Study shows how big data and artificial intelligence can be leveraged to develop a more informative credit model to support the UAE SME ecosystem

Study shows how big data and artificial intelligence can be leveraged to develop a more informative credit model to support the UAE SME ecosystem

Study shows how big data and artificial intelligence can be leveraged to develop a more informative credit model to support the UAE SME ecosystem

The ADGM Academy Research Centre in collaboration with the Asian Institute of Digital Finance (AIDF) at the National University of Singapore published the Leveraging Artificial Intelligence to Enhance the SME Ecosystem in the UAE white paper.  The study shows how big data and artificial intelligence can be leveraged to develop a more informative credit model to support the UAE’s SME ecosystem and drive improved decision making when lending to SMEs.

SMEs represent the backbone of most of the world’s economies. As a result, they are getting thoughtful attention from planners, economists, governments, and multilateral agencies for their impact on national economies and the continuous market dynamics they are likely to contribute in creating job opportunities,  enhancing productivity, fostering innovation, generating tax revenues and achieving the Sustainable Development Goals (SDGs) by delivering more inclusive economic growth, environmental sustainability, promoting sustainable industrialization, reducing income inequalities, and alleviating poverty. Worldwide they represent more than 90% of all companies, generate between 60% and 70% of employment and are responsible for 50% of the Gross Domestic Product (GDP). In 2020 there were over 322 million formal SMEs, employing more than 705 million people. However, SMEs face challenges in securing financing to grow their business.

The study details the structural barriers SMEs encounter when trying to access financing, including challenges perceived on both the demand and supply sides of the ecosystem.  A significant challenge is the Know Your Customer (KYC) process, which is time consuming and cumbersome for SMEs due to anti-money laundering and combatting the financing of terrorism requirements.  Opening a bank account can take up to three months in some cases.

Generally, SMEs have less publicly available information compared to larger corporates.  As a result, banks have more difficulty assessing the creditworthiness of SMEs, so credit decisions take longer, involve higher costs and require collateral.  The study presents a case study on an innovative solution to reduce this information asymmetry between borrowers and lenders.

“The paper highlights the pain points felt by parties in the ecosystem pertaining to SME financing in the UAE and Abu Dhabi, and proposes a simple, yet robust, solution that paves the way to create an artificial intelligence and big data analytics-based Credit Bureau 3.0, a coordinated but decentralised digital platform,” says Jin-Chuan Duan, Executive Director of AIDF and Jardine Cycle & Carriage Professor of Finance, National University of Singapore.
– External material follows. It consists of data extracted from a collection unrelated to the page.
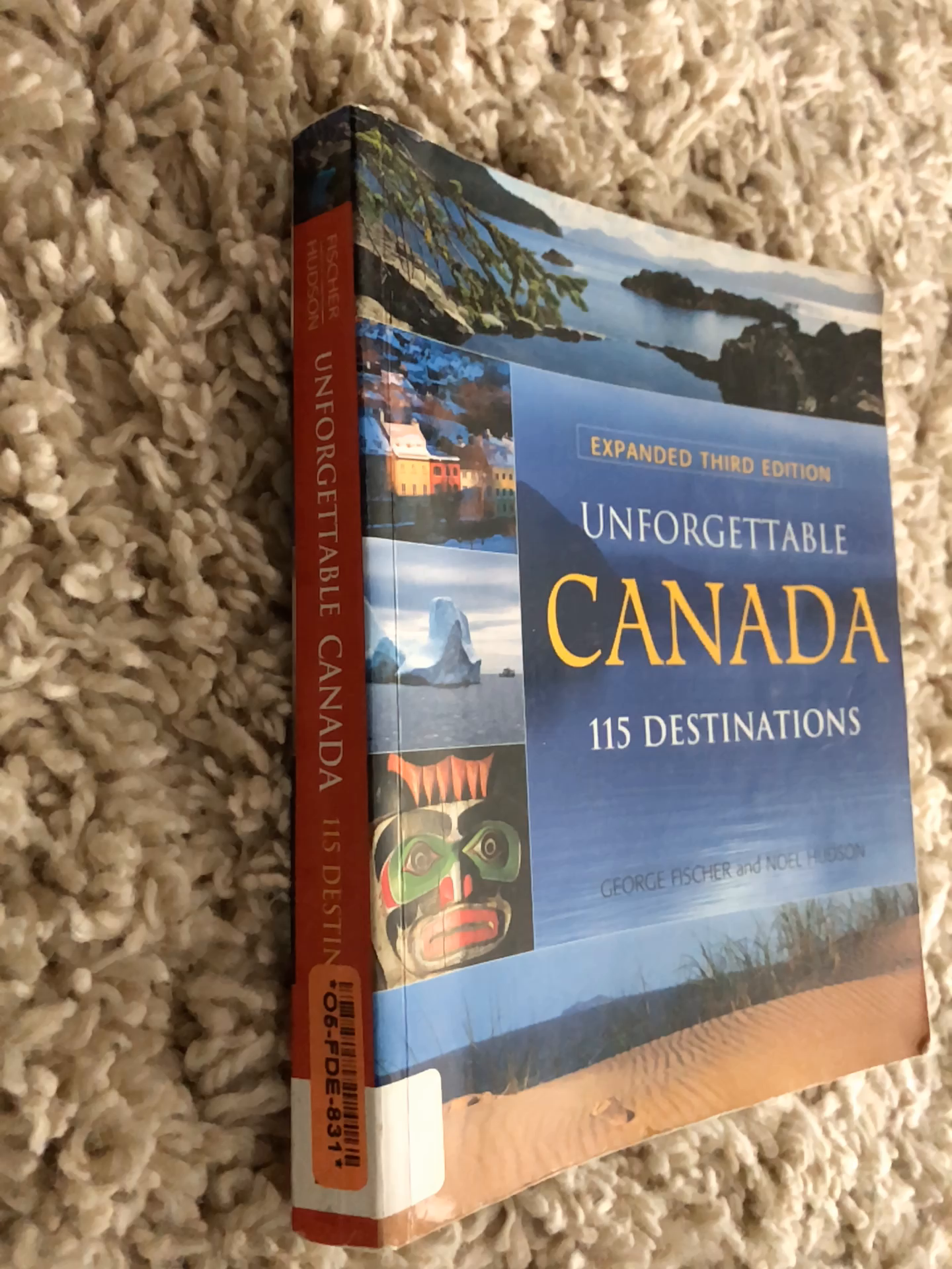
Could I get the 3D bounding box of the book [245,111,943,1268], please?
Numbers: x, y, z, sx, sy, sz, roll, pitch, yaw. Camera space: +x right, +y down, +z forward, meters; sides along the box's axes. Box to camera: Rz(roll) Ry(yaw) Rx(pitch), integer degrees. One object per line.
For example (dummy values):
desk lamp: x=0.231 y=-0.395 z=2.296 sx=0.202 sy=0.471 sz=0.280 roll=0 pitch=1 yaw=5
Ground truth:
book: x=0.042 y=0.011 z=0.287 sx=0.201 sy=0.040 sz=0.234 roll=2 pitch=85 yaw=-34
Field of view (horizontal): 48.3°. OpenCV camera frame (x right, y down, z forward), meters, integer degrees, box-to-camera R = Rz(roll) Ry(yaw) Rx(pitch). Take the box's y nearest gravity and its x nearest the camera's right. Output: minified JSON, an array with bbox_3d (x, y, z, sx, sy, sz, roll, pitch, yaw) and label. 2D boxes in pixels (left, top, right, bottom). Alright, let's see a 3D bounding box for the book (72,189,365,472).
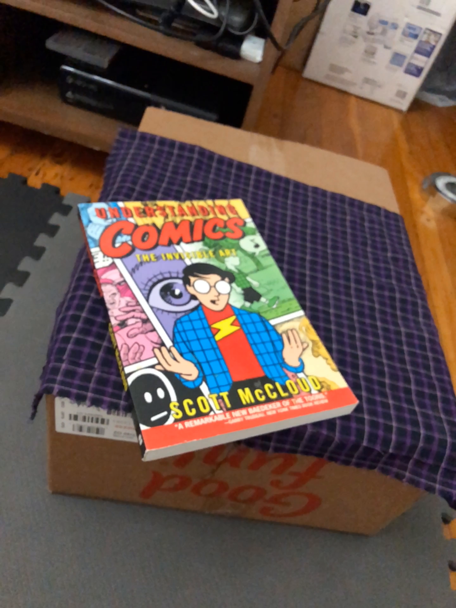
[{"bbox_3d":[-0.023,-0.007,0.435,0.170,0.020,0.271,-6,50,-24],"label":"book"}]
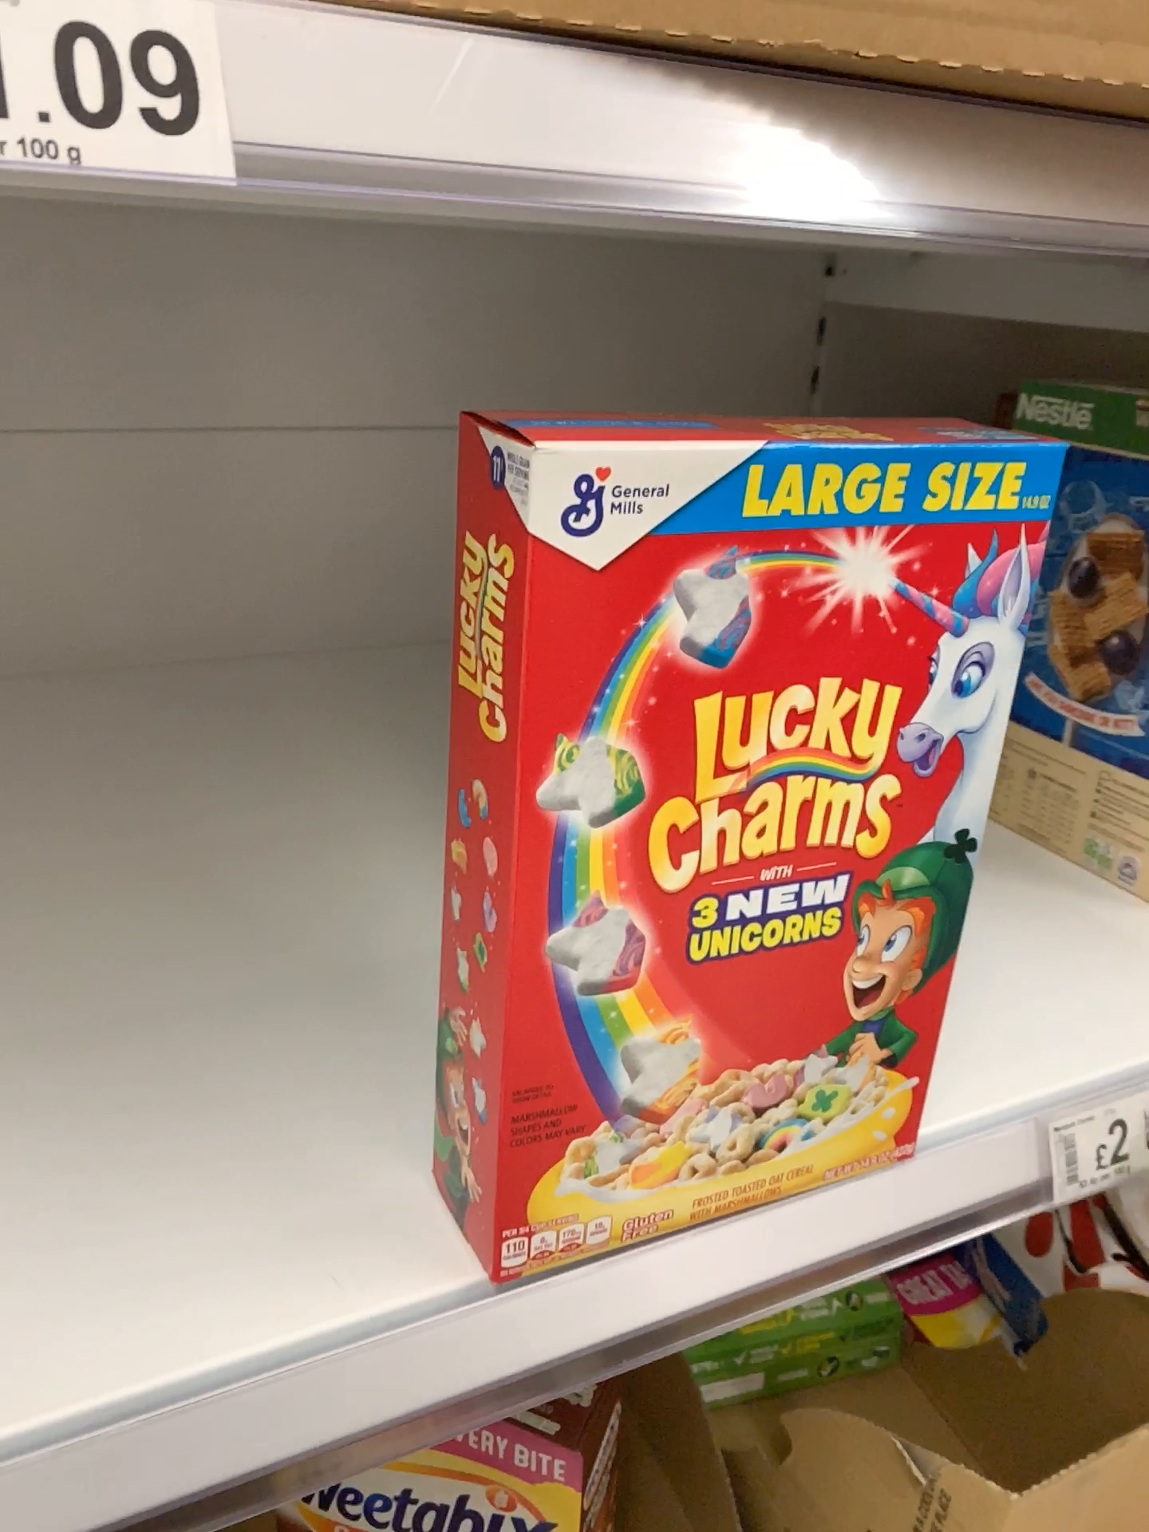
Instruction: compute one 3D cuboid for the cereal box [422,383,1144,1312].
[{"bbox_3d":[0.060,0.023,0.412,0.210,0.288,0.070,-7,25,-24],"label":"cereal box"}]
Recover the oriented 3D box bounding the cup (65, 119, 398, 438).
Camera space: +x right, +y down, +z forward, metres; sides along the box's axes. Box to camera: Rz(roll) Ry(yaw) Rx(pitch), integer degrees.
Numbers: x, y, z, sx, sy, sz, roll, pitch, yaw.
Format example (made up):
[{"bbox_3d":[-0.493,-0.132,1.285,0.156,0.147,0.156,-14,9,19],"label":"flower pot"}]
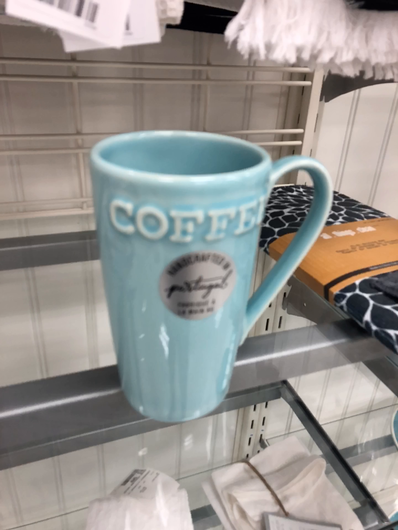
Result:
[{"bbox_3d":[0.008,0.003,0.235,0.130,0.139,0.091,-1,28,-7],"label":"cup"}]
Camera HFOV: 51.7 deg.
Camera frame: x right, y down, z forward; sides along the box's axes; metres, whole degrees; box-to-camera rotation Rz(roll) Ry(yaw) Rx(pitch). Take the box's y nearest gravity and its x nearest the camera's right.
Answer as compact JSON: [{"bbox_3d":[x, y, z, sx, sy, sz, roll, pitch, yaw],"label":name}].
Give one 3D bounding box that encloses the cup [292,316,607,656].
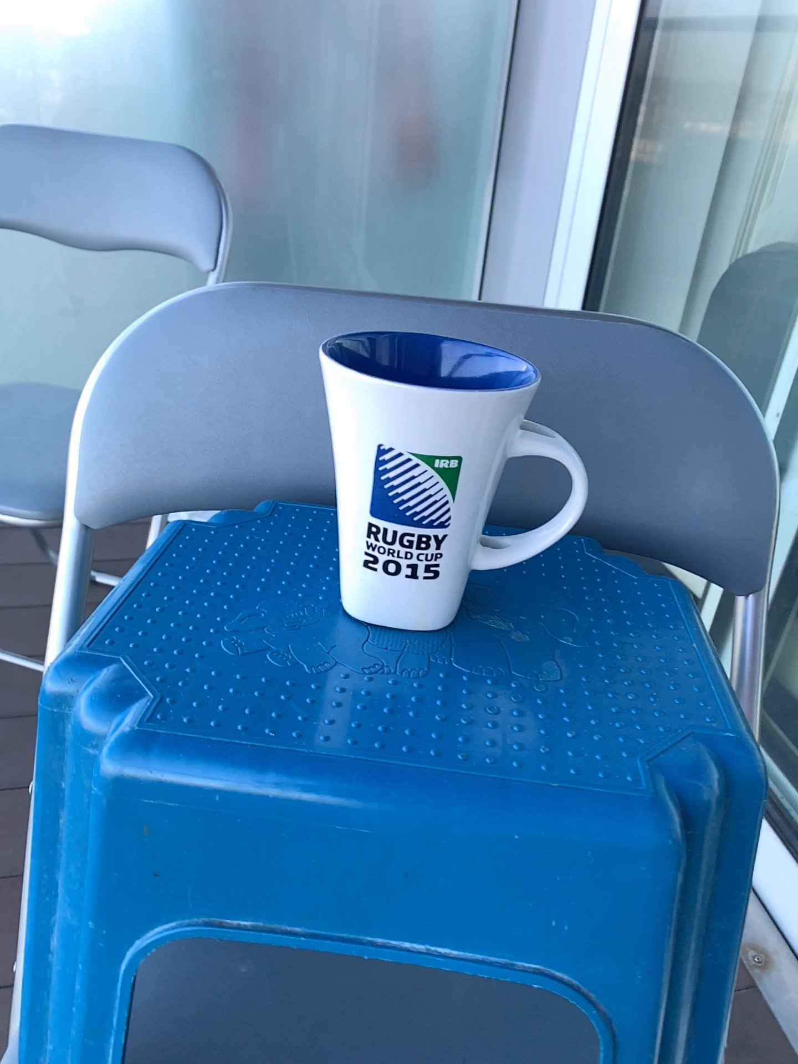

Privacy-preserved data sharing among creditors can develop more reliable credit models through federated learning. The models can better measure borrowers’ creditworthiness at a lower cost and thus help reverse lenders’ low-risk appetite to engage with SMEs. Such data sharing, in effect, operates on the principles of coopetition, where lenders cooperate to create a shared infrastructure while competing. The proposed federated learning platform targets interpretable credit risk models that combine artificial intelligence, machine learning and big data aiming to reduce information asymmetries between debtors and creditors for all participating lending institutions but still allows them to build an individual competitive edge. The shared infrastructure lowers information acquisition costs to lenders and passes down the savings to borrowers via competition.

“The research demonstrates that a coopetition structure enables the creation of an improved credit model as a public good shared by all lenders, who can still compete based on risk appetite, services, and operational efficiency,” says Jassim Al Marzooqi, Associate Director, Business Enablement and Research, ADGM Academy.  “SMEs, and ultimately the UAE economy, will benefit greatly from such an approach.”

“There is a great deal of literature that discusses the SME ecosystem in general or that focuses on the most important component of this model, which is access to finance. However, there are few works that go beyond a review of the well-known facts to provide practical solutions that are applicable and could have a significant impact on proper application,” says Mrs. Mouza Obaid Al Nasri, Executive Director of the SMEs Sector, Abu Dhabi Department of Economic Development.  “This white paper is one of those distinguished studies that is able to diagnose the SMEs ecosystem accurately and comprehensively in the UAE and Abu Dhabi, as well as describe one of the successful experiences, which is to create a model that employs artificial intelligence to assist banks in making decisions regarding financing the SMEs that apply to them. This model will have a significant impact on the SMEs landscape in the UAE.”